--- EXERCISE DIRECTIONS ---
How many of the lines below hold "pitch"? Only the number, please.

--- RECORDED DATA ---
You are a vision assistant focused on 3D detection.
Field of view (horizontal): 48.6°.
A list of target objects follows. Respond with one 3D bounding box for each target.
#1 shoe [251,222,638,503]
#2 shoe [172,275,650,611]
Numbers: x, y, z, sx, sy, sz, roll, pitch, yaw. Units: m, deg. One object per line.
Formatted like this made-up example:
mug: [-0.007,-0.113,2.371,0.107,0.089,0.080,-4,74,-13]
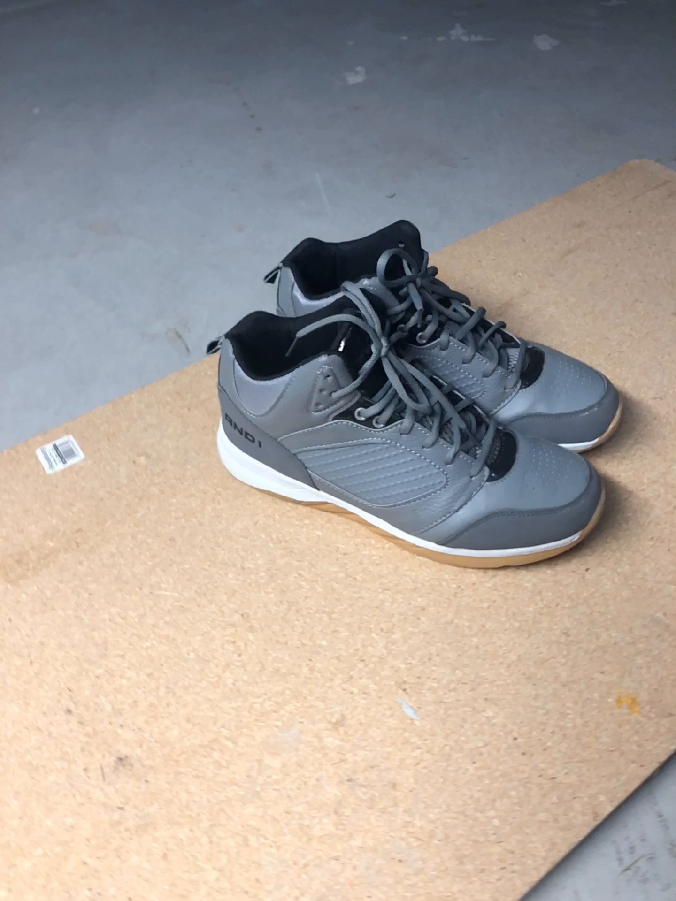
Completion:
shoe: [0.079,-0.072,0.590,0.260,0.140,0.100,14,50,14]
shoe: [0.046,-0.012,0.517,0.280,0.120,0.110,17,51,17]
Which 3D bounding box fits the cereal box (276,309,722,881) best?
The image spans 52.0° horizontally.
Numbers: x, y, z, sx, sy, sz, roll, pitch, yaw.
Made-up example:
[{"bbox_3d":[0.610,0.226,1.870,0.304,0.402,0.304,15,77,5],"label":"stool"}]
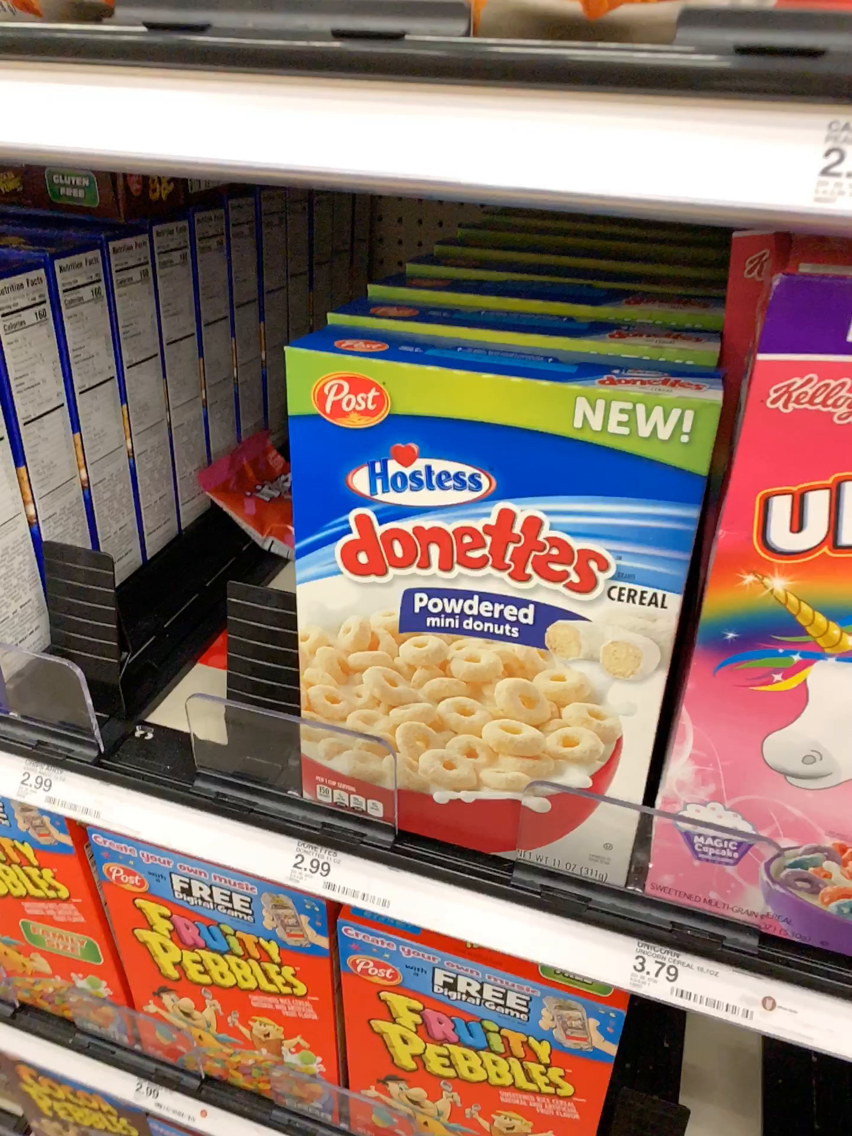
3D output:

--- EXERCISE RESPONSE ---
2